OGH lenkt ein: Viagra doch auf Kasse

Bei Depression. Trägt ein Potenzmittel zur Behandlung einer psychischen Erkrankung bei, muss die Kasse zahlen. Für einen Diabetiker hatte der Gerichtshof das zuletzt noch verneint.

WIEN. Gehört die Fähigkeit zum Geschlechtsverkehr zu jenen lebenswichtigen persönlichen Bedürfnissen, zu deren Befriedigung die Krankenkasse beitragen muss? Um diese Frage kreist eine neue Entscheidung des Obersten Gerichtshofs (OGH). Die Antwort vorweg: Führt eine Potenzstörung zu einem behandlungsbedürftigen psychischen Leiden und verspricht ein Potenzmittel Besserung, muss die Kasse es bezahlen.

Der heute 65-jährige Kläger leidet schon seit 20 Jahren an Erektionsstörungen. Er behilft sich mit einem Medikament namens "Caverject". Es wirkt ähnlich wie "Viagra" - oft sogar besser -, wird aber nicht oral eingenommen, sondern in das Problem-Organ injiziert.

Selbst nachdem dem Mann wegen eines Karzinoms die Prostata entfernt und ein für die Erektion notwendiges Nervenbündel durchtrennt werden musste, konnte er mittels Schwellkörper-Auto-Injektions-Therapie ("Skat") sein Bedürfnis nach sexueller Aktivität stillen. Die Kärntner Gebietskrankenkasse kam zwar zunächst für das Medikament auf, ab Februar 2005 verweigerte sie jedoch die Zahlung. Damit reagierte sie auf die erste Entscheidung des OGH zu diesem Thema, in Fachkreisen "Viagra I" genannt: Der Gerichtshof hatte darin entschieden, dass ein impotenter Diabetiker keinen Ersatzanspruch hat (10 ObS 227/03k). Eine erektile Dysfunktion solle nach dem gesellschaftlichen Grundverständnis nicht auf Kosten der Sozialversicherung behoben werden.

Im neuen Fall führte der Kläger aber ein zusätzliches Argument ins Treffen: Er stützte seinen Anspruch auch darauf, dass seine Impotenz bereits zu psychischen Leidenszuständen mit Krankheitswert (depressive Verstimmung) geführt geführt habe. Die Behandlung mit dem Medikament diene daher der Wiederherstellung, Festigung und Besserung seiner Gesundheit. Das stimmte den OGH um: "Da die erektile Dysfunktion im gegenständlichen Fall somit auch als Auslöser einer gesellschaftlich anerkannten psychischen Krankheit in Frage kommt, kann . . . die Verabreichung von Potenzmitteln auch als notwendige Krankenbehandlung der psychischen Probleme gesehen werden" (10 ObS 12/06x). Ob die vorliegen, muss noch die erste Instanz feststellen.

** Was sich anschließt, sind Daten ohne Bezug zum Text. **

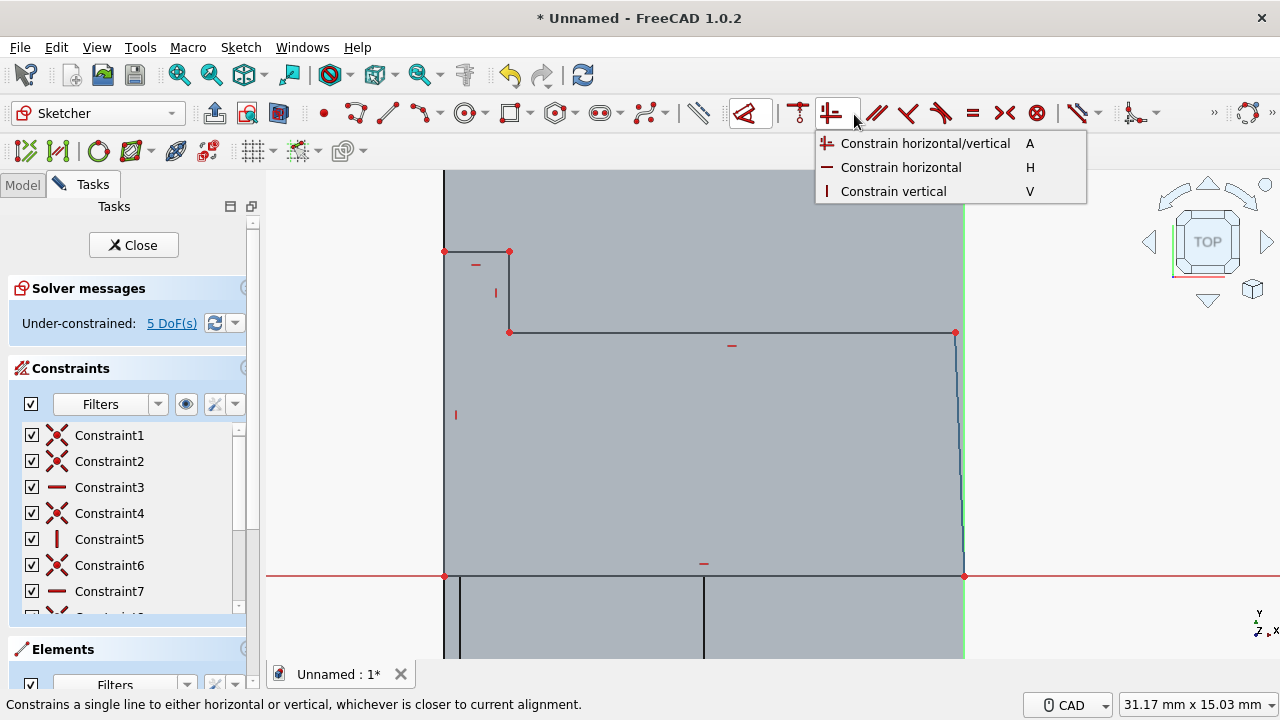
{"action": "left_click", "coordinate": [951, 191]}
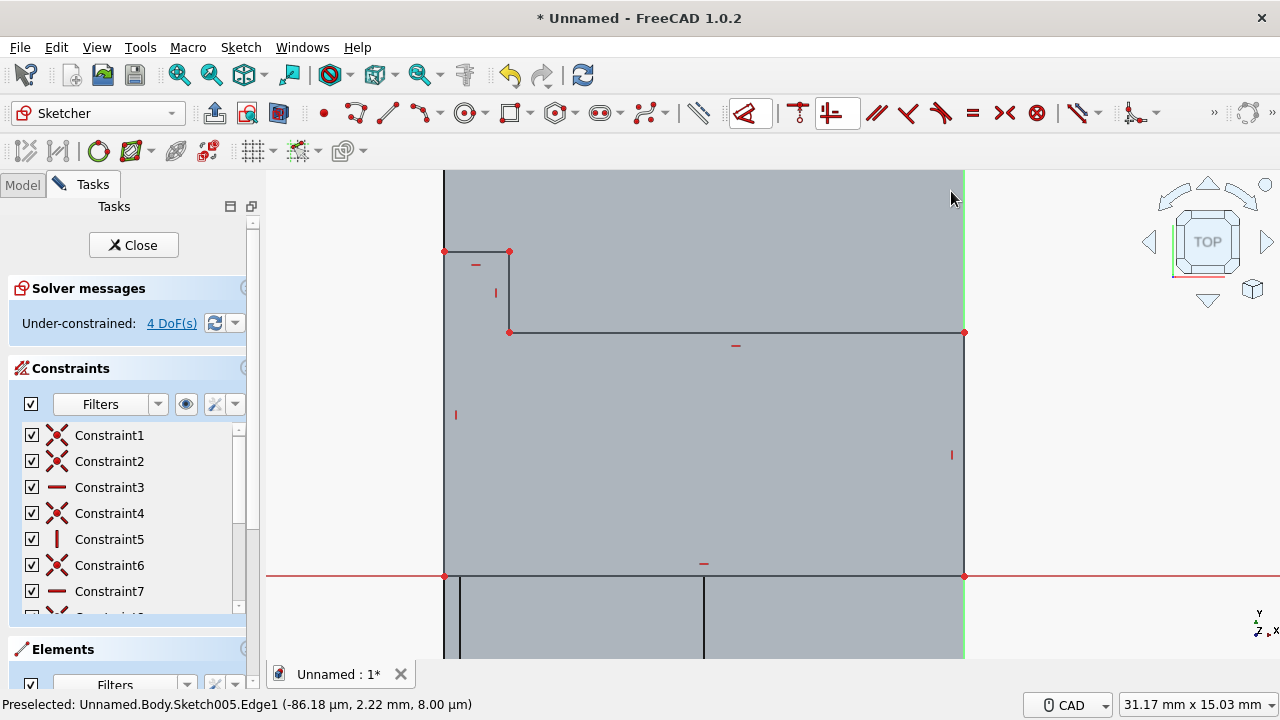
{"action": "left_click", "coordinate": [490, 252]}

Für Prof. Bob Djavan, stellvertretender Klinikvorstand der Urologie am Wiener AKH, steht unabhängig von diesem Fall fest: "Gerade bei radikal Prostatektomierten verändert sich die gesamte Situation, nicht nur die Sexualität. Auch die psychische Konstellation und das Verhältnis zum Partner leiden darunter", so Djavan zur "Presse". Er hält es für "menschenunwürdig", einem Patienten, der altersmäßig noch zum Geschlechtsverkehr fähig wäre, den Kostenersatz vorzuenthalten. Er bringt auch ein finanzielles Argument: Ein psychisch zufriedener Krebspatient spreche wesentlich besser auf die onkologische Behandlung an, was deren Kosten reduziere.